Data excerpts:
BEGIN

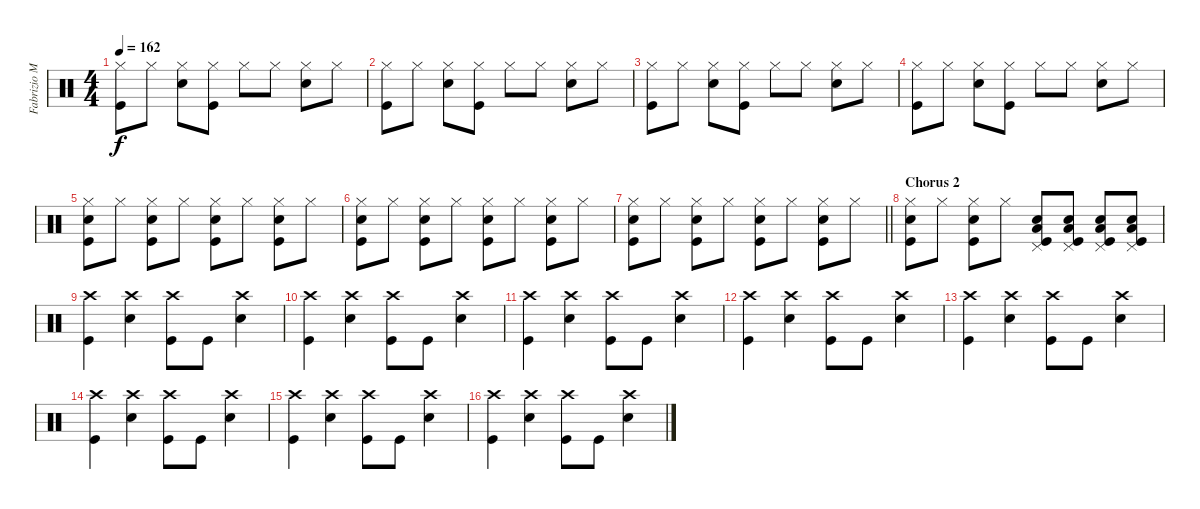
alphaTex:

\track ("Fabrizio Moretti" "Fabrizio M") {instrument percussion}
\staff {score}
\articulation defaults
\ts (4 4)
\tempo 162
\clef neutral
\ks c
("Hi-Hat (closed)" "Kick (hit)").8{dy f} "Hi-Hat (closed)".8 ("Hi-Hat (closed)" "Snare (hit) 2").8 ("Hi-Hat (closed)" "Kick (hit)").8 "Hi-Hat (closed)".8 "Hi-Hat (closed)".8 ("Hi-Hat (closed)" "Snare (hit) 2").8 "Hi-Hat (closed)".8 |
("Hi-Hat (closed)" "Kick (hit)").8 "Hi-Hat (closed)".8 ("Hi-Hat (closed)" "Snare (hit) 2").8 ("Hi-Hat (closed)" "Kick (hit)").8 "Hi-Hat (closed)".8 "Hi-Hat (closed)".8 ("Hi-Hat (closed)" "Snare (hit) 2").8 "Hi-Hat (closed)".8 |
("Hi-Hat (closed)" "Kick (hit)").8 "Hi-Hat (closed)".8 ("Hi-Hat (closed)" "Snare (hit) 2").8 ("Hi-Hat (closed)" "Kick (hit)").8 "Hi-Hat (closed)".8 "Hi-Hat (closed)".8 ("Hi-Hat (closed)" "Snare (hit) 2").8 "Hi-Hat (closed)".8 |
("Hi-Hat (closed)" "Kick (hit)").8 "Hi-Hat (closed)".8 ("Hi-Hat (closed)" "Snare (hit) 2").8 ("Hi-Hat (closed)" "Kick (hit)").8 "Hi-Hat (closed)".8 "Hi-Hat (closed)".8 ("Hi-Hat (closed)" "Snare (hit) 2").8 "Hi-Hat (closed)".8 |
("Hi-Hat (closed)" "Snare (hit) 2" "Kick (hit)").8 "Hi-Hat (closed)".8 ("Hi-Hat (closed)" "Snare (hit) 2" "Kick (hit)").8 "Hi-Hat (closed)".8 ("Hi-Hat (closed)" "Snare (hit) 2" "Kick (hit)").8 "Hi-Hat (closed)".8 ("Hi-Hat (closed)" "Snare (hit) 2" "Kick (hit)").8 "Hi-Hat (closed)".8 |
("Hi-Hat (closed)" "Snare (hit) 2" "Kick (hit)").8 "Hi-Hat (closed)".8 ("Hi-Hat (closed)" "Snare (hit) 2" "Kick (hit)").8 "Hi-Hat (closed)".8 ("Hi-Hat (closed)" "Snare (hit) 2" "Kick (hit)").8 "Hi-Hat (closed)".8 ("Hi-Hat (closed)" "Snare (hit) 2" "Kick (hit)").8 "Hi-Hat (closed)".8 |
\barLineRight lightlight
("Hi-Hat (closed)" "Snare (hit) 2" "Kick (hit)").8 "Hi-Hat (closed)".8 ("Hi-Hat (closed)" "Snare (hit) 2" "Kick (hit)").8 "Hi-Hat (closed)".8 ("Hi-Hat (closed)" "Snare (hit) 2" "Kick (hit)").8 "Hi-Hat (closed)".8 ("Hi-Hat (closed)" "Snare (hit) 2" "Kick (hit)").8 "Hi-Hat (closed)".8 |
\section ("" "Chorus 2")
("Hi-Hat (closed)" "Snare (hit) 2" "Kick (hit)").8 "Hi-Hat (closed)".8 ("Hi-Hat (closed)" "Snare (hit) 2" "Kick (hit)").8 "Hi-Hat (closed)".8 ("Pedal Hi-Hat (hit)" "Snare (hit) 2" "Kick (hit)" "Low Floor Tom (hit)").8 ("Pedal Hi-Hat (hit)" "Snare (hit) 2" "Kick (hit)" "Low Floor Tom (hit)").8 ("Pedal Hi-Hat (hit)" "Snare (hit) 2" "Kick (hit)" "Low Floor Tom (hit)").8 ("Pedal Hi-Hat (hit)" "Snare (hit) 2" "Kick (hit)" "Low Floor Tom (hit)").8 |
("Crash high (hit)" "Kick (hit)").4 ("Crash high (hit)" "Snare (hit) 2").4 ("Crash high (hit)" "Kick (hit)").8 "Kick (hit)".8 ("Crash high (hit)" "Snare (hit) 2").4 |
("Crash high (hit)" "Kick (hit)").4 ("Crash high (hit)" "Snare (hit) 2").4 ("Crash high (hit)" "Kick (hit)").8 "Kick (hit)".8 ("Crash high (hit)" "Snare (hit) 2").4 |
("Crash high (hit)" "Kick (hit)").4 ("Crash high (hit)" "Snare (hit) 2").4 ("Crash high (hit)" "Kick (hit)").8 "Kick (hit)".8 ("Crash high (hit)" "Snare (hit) 2").4 |
("Crash high (hit)" "Kick (hit)").4 ("Crash high (hit)" "Snare (hit) 2").4 ("Crash high (hit)" "Kick (hit)").8 "Kick (hit)".8 ("Crash high (hit)" "Snare (hit) 2").4 |
("Crash high (hit)" "Kick (hit)").4 ("Crash high (hit)" "Snare (hit) 2").4 ("Crash high (hit)" "Kick (hit)").8 "Kick (hit)".8 ("Crash high (hit)" "Snare (hit) 2").4 |
("Crash high (hit)" "Kick (hit)").4 ("Crash high (hit)" "Snare (hit) 2").4 ("Crash high (hit)" "Kick (hit)").8 "Kick (hit)".8 ("Crash high (hit)" "Snare (hit) 2").4 |
("Crash high (hit)" "Kick (hit)").4 ("Crash high (hit)" "Snare (hit) 2").4 ("Crash high (hit)" "Kick (hit)").8 "Kick (hit)".8 ("Crash high (hit)" "Snare (hit) 2").4 |
("Crash high (hit)" "Kick (hit)").4 ("Crash high (hit)" "Snare (hit) 2").4 ("Crash high (hit)" "Kick (hit)").8 "Kick (hit)".8 ("Crash high (hit)" "Snare (hit) 2").4
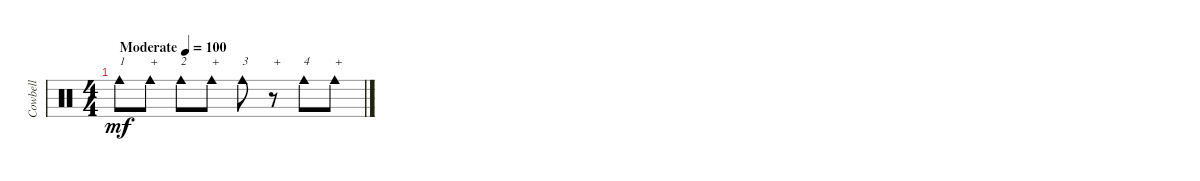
\track ("Cowbell" "Cowbell") {instrument percussion}
\staff {score}
\articulation defaults
\ts (4 4)
\tempo (100 "Moderate")
\clef neutral
\ks c "Cowbell medium (hit)".8{txt "1" dy mf} "Cowbell medium (hit)".8{txt "+"} "Cowbell medium (hit)".8{txt "2"} "Cowbell medium (hit)".8{txt "+"} "Cowbell medium (hit)".8{txt "3"}
r.8{txt "+"} "Cowbell medium (hit)".8{txt "4"} "Cowbell medium (hit)".8{txt "+"}

END

The reply should hold every line of the records unchanged and no pictures.

= RESPONSE AREA =
alphaTex:

\track ("Fabrizio Moretti" "Fabrizio M") {instrument percussion}
\staff {score}
\articulation defaults
\ts (4 4)
\tempo 162
\clef neutral
\ks c
("Hi-Hat (closed)" "Kick (hit)").8{dy f} "Hi-Hat (closed)".8 ("Hi-Hat (closed)" "Snare (hit) 2").8 ("Hi-Hat (closed)" "Kick (hit)").8 "Hi-Hat (closed)".8 "Hi-Hat (closed)".8 ("Hi-Hat (closed)" "Snare (hit) 2").8 "Hi-Hat (closed)".8 |
("Hi-Hat (closed)" "Kick (hit)").8 "Hi-Hat (closed)".8 ("Hi-Hat (closed)" "Snare (hit) 2").8 ("Hi-Hat (closed)" "Kick (hit)").8 "Hi-Hat (closed)".8 "Hi-Hat (closed)".8 ("Hi-Hat (closed)" "Snare (hit) 2").8 "Hi-Hat (closed)".8 |
("Hi-Hat (closed)" "Kick (hit)").8 "Hi-Hat (closed)".8 ("Hi-Hat (closed)" "Snare (hit) 2").8 ("Hi-Hat (closed)" "Kick (hit)").8 "Hi-Hat (closed)".8 "Hi-Hat (closed)".8 ("Hi-Hat (closed)" "Snare (hit) 2").8 "Hi-Hat (closed)".8 |
("Hi-Hat (closed)" "Kick (hit)").8 "Hi-Hat (closed)".8 ("Hi-Hat (closed)" "Snare (hit) 2").8 ("Hi-Hat (closed)" "Kick (hit)").8 "Hi-Hat (closed)".8 "Hi-Hat (closed)".8 ("Hi-Hat (closed)" "Snare (hit) 2").8 "Hi-Hat (closed)".8 |
("Hi-Hat (closed)" "Snare (hit) 2" "Kick (hit)").8 "Hi-Hat (closed)".8 ("Hi-Hat (closed)" "Snare (hit) 2" "Kick (hit)").8 "Hi-Hat (closed)".8 ("Hi-Hat (closed)" "Snare (hit) 2" "Kick (hit)").8 "Hi-Hat (closed)".8 ("Hi-Hat (closed)" "Snare (hit) 2" "Kick (hit)").8 "Hi-Hat (closed)".8 |
("Hi-Hat (closed)" "Snare (hit) 2" "Kick (hit)").8 "Hi-Hat (closed)".8 ("Hi-Hat (closed)" "Snare (hit) 2" "Kick (hit)").8 "Hi-Hat (closed)".8 ("Hi-Hat (closed)" "Snare (hit) 2" "Kick (hit)").8 "Hi-Hat (closed)".8 ("Hi-Hat (closed)" "Snare (hit) 2" "Kick (hit)").8 "Hi-Hat (closed)".8 |
\barLineRight lightlight
("Hi-Hat (closed)" "Snare (hit) 2" "Kick (hit)").8 "Hi-Hat (closed)".8 ("Hi-Hat (closed)" "Snare (hit) 2" "Kick (hit)").8 "Hi-Hat (closed)".8 ("Hi-Hat (closed)" "Snare (hit) 2" "Kick (hit)").8 "Hi-Hat (closed)".8 ("Hi-Hat (closed)" "Snare (hit) 2" "Kick (hit)").8 "Hi-Hat (closed)".8 |
\section ("" "Chorus 2")
("Hi-Hat (closed)" "Snare (hit) 2" "Kick (hit)").8 "Hi-Hat (closed)".8 ("Hi-Hat (closed)" "Snare (hit) 2" "Kick (hit)").8 "Hi-Hat (closed)".8 ("Pedal Hi-Hat (hit)" "Snare (hit) 2" "Kick (hit)" "Low Floor Tom (hit)").8 ("Pedal Hi-Hat (hit)" "Snare (hit) 2" "Kick (hit)" "Low Floor Tom (hit)").8 ("Pedal Hi-Hat (hit)" "Snare (hit) 2" "Kick (hit)" "Low Floor Tom (hit)").8 ("Pedal Hi-Hat (hit)" "Snare (hit) 2" "Kick (hit)" "Low Floor Tom (hit)").8 |
("Crash high (hit)" "Kick (hit)").4 ("Crash high (hit)" "Snare (hit) 2").4 ("Crash high (hit)" "Kick (hit)").8 "Kick (hit)".8 ("Crash high (hit)" "Snare (hit) 2").4 |
("Crash high (hit)" "Kick (hit)").4 ("Crash high (hit)" "Snare (hit) 2").4 ("Crash high (hit)" "Kick (hit)").8 "Kick (hit)".8 ("Crash high (hit)" "Snare (hit) 2").4 |
("Crash high (hit)" "Kick (hit)").4 ("Crash high (hit)" "Snare (hit) 2").4 ("Crash high (hit)" "Kick (hit)").8 "Kick (hit)".8 ("Crash high (hit)" "Snare (hit) 2").4 |
("Crash high (hit)" "Kick (hit)").4 ("Crash high (hit)" "Snare (hit) 2").4 ("Crash high (hit)" "Kick (hit)").8 "Kick (hit)".8 ("Crash high (hit)" "Snare (hit) 2").4 |
("Crash high (hit)" "Kick (hit)").4 ("Crash high (hit)" "Snare (hit) 2").4 ("Crash high (hit)" "Kick (hit)").8 "Kick (hit)".8 ("Crash high (hit)" "Snare (hit) 2").4 |
("Crash high (hit)" "Kick (hit)").4 ("Crash high (hit)" "Snare (hit) 2").4 ("Crash high (hit)" "Kick (hit)").8 "Kick (hit)".8 ("Crash high (hit)" "Snare (hit) 2").4 |
("Crash high (hit)" "Kick (hit)").4 ("Crash high (hit)" "Snare (hit) 2").4 ("Crash high (hit)" "Kick (hit)").8 "Kick (hit)".8 ("Crash high (hit)" "Snare (hit) 2").4 |
("Crash high (hit)" "Kick (hit)").4 ("Crash high (hit)" "Snare (hit) 2").4 ("Crash high (hit)" "Kick (hit)").8 "Kick (hit)".8 ("Crash high (hit)" "Snare (hit) 2").4
\track ("Cowbell" "Cowbell") {instrument percussion}
\staff {score}
\articulation defaults
\ts (4 4)
\tempo (100 "Moderate")
\clef neutral
\ks c "Cowbell medium (hit)".8{txt "1" dy mf} "Cowbell medium (hit)".8{txt "+"} "Cowbell medium (hit)".8{txt "2"} "Cowbell medium (hit)".8{txt "+"} "Cowbell medium (hit)".8{txt "3"}
r.8{txt "+"} "Cowbell medium (hit)".8{txt "4"} "Cowbell medium (hit)".8{txt "+"}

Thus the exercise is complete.